Recitá-lo ou deixar a Bíblia aberta nessa passagem na sala de casa não espantará espíritos, nem afastará males ou coisas ruins. O que move as pessoas a fazerem isso é a superstição e o misticismo popular fruto do desconhecimento de que o livramento dos males ocultos e dos perigos invisíveis não vem por magia ou encanto, ou mesmo pelo uso mágico da Bíblia, mas pela graciosa presença e ação de Deus em favor daqueles que o conhecem e nele confiam.
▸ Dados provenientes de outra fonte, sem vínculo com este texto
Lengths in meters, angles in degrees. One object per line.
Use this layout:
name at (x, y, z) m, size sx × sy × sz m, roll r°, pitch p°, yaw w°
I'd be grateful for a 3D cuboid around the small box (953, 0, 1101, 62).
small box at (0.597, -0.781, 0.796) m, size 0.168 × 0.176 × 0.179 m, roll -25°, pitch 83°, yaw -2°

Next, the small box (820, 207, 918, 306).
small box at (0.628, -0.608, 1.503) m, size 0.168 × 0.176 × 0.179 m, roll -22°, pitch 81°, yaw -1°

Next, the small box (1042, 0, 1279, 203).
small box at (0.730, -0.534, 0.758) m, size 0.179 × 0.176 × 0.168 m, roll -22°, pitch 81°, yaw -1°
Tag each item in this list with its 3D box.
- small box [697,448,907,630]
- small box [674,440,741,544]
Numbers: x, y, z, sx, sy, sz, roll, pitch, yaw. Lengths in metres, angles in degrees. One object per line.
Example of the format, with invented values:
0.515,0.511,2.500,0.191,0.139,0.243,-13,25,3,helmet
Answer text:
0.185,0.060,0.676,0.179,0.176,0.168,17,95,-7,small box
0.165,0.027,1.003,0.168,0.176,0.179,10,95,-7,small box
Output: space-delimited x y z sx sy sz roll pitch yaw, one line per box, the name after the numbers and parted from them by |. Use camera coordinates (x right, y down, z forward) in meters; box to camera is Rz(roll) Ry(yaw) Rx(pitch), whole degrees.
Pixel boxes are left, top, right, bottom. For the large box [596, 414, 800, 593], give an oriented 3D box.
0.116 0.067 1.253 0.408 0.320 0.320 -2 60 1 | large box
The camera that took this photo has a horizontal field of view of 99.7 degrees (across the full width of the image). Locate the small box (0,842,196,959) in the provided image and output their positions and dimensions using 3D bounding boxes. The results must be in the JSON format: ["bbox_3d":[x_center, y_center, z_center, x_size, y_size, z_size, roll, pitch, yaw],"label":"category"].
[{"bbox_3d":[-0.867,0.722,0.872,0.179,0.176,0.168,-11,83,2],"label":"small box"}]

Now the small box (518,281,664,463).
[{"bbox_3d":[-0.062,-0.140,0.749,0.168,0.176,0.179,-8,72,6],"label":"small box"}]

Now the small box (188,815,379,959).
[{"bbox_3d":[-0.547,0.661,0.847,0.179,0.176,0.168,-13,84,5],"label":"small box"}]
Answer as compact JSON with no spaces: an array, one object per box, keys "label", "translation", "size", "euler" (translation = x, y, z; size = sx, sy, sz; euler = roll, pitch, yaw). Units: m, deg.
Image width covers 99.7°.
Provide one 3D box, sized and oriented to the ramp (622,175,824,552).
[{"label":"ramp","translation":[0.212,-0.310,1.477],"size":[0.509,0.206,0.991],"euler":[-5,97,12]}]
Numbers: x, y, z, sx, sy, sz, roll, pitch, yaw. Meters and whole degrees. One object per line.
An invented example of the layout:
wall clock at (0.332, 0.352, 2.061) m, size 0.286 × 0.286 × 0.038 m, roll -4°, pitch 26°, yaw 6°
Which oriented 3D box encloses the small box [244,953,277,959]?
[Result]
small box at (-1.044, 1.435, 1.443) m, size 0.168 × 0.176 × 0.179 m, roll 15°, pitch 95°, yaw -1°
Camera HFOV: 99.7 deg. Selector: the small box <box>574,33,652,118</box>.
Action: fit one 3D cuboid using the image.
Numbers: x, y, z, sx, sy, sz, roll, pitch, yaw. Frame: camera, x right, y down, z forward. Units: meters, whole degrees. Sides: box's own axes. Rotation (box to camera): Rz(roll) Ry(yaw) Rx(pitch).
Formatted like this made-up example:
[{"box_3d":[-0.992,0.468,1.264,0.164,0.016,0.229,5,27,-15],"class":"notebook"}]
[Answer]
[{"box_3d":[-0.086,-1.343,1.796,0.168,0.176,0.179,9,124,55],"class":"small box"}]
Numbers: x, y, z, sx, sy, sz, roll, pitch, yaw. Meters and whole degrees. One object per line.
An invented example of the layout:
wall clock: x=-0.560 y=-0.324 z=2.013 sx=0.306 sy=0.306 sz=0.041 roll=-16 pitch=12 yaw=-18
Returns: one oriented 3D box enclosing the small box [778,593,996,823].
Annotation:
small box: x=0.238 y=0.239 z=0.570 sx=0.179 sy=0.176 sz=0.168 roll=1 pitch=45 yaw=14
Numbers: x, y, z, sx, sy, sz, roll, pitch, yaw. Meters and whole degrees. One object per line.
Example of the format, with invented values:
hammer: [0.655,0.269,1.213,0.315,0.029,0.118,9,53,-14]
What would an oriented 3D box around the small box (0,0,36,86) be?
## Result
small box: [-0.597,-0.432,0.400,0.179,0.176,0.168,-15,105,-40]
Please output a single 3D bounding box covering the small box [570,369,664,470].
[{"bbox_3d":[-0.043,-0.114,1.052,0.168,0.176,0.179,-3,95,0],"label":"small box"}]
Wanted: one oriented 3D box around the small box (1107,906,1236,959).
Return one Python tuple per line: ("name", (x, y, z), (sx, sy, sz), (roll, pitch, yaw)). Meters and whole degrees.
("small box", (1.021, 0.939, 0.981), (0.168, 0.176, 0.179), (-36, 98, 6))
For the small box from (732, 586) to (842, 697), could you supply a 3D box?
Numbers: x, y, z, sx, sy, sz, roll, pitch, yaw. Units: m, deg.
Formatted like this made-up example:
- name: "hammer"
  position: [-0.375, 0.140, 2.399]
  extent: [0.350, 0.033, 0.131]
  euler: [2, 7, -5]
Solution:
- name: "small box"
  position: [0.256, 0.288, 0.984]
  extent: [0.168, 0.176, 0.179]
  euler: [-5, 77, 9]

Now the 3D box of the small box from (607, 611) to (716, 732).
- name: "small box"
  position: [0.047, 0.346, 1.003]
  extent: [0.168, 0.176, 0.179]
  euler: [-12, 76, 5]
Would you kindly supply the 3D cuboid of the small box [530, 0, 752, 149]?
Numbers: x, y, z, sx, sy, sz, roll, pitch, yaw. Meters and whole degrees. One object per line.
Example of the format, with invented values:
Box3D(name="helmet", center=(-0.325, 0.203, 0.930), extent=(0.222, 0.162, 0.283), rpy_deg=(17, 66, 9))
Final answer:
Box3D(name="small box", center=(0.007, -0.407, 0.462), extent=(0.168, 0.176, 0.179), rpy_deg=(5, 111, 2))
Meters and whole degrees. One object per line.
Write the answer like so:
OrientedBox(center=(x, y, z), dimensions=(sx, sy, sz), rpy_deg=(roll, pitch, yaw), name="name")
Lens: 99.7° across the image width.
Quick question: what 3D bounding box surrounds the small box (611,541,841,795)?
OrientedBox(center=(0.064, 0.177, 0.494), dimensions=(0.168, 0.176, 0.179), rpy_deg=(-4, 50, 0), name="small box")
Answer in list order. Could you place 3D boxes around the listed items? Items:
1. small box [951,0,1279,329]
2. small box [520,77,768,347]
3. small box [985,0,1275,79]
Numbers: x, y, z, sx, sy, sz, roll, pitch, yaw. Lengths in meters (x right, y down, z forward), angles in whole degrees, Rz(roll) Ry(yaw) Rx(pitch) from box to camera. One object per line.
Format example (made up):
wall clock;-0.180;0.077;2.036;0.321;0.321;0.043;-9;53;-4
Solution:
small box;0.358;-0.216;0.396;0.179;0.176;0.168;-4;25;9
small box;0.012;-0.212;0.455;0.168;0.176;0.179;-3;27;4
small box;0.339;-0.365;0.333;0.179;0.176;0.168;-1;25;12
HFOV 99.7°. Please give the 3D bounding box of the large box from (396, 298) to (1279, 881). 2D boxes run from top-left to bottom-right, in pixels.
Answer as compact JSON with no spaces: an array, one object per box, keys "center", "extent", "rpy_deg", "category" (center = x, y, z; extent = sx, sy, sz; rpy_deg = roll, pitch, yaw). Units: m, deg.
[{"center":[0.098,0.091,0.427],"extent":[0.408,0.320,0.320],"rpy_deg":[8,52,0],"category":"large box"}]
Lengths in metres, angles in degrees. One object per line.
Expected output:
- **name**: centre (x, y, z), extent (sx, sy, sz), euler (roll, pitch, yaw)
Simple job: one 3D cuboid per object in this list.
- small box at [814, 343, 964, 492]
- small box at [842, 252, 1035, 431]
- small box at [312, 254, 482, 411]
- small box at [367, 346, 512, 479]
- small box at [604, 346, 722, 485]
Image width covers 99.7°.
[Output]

Este Salmo é uma poesia de confissão, de confiança corajosa, de certeza da proteção divina e, por último e mais importante, da revelação messiânica. O Salmo nos fala de basicamente 3 temas. São os seguintes:

O Deus Protetor

A primeira confissão feita no Salmo é a respeito de Deus como aquele que tem todo o poder. Acima dele não há ninguém mais, pois ele é o mais alto de todos, inclusive dos inimigos que a nós são invisíveis. Ele é o Altíssimo, o Todo-Poderoso. Nenhuma força oculta é mais forte que ele. Por isso, diante desse conhecimento, busca-se proteção nele. O Salmo utiliza figuras para falar da proteção de Deus àqueles que o buscam para encontrar segurança. Aquele que confia em Deus o experimentará como:

a) Refúgio e sombra sob o qual nos abrigamos tendo-o por nossa cobertura. Deus é um teto sobre nossas cabeças diante dos perigos da noite e uma sombra acima de nós nas aflições do dia.

b) Fortaleza para aqueles que enfrentam perseguição de um inimigo forte e numeroso. Deus é uma barreira intransponível para aqueles que se escondem nele. A sua fidelidade é como um grande escudo contra as grandes armas de guerra, e um escudo ágil contra as armas rápidas e letais.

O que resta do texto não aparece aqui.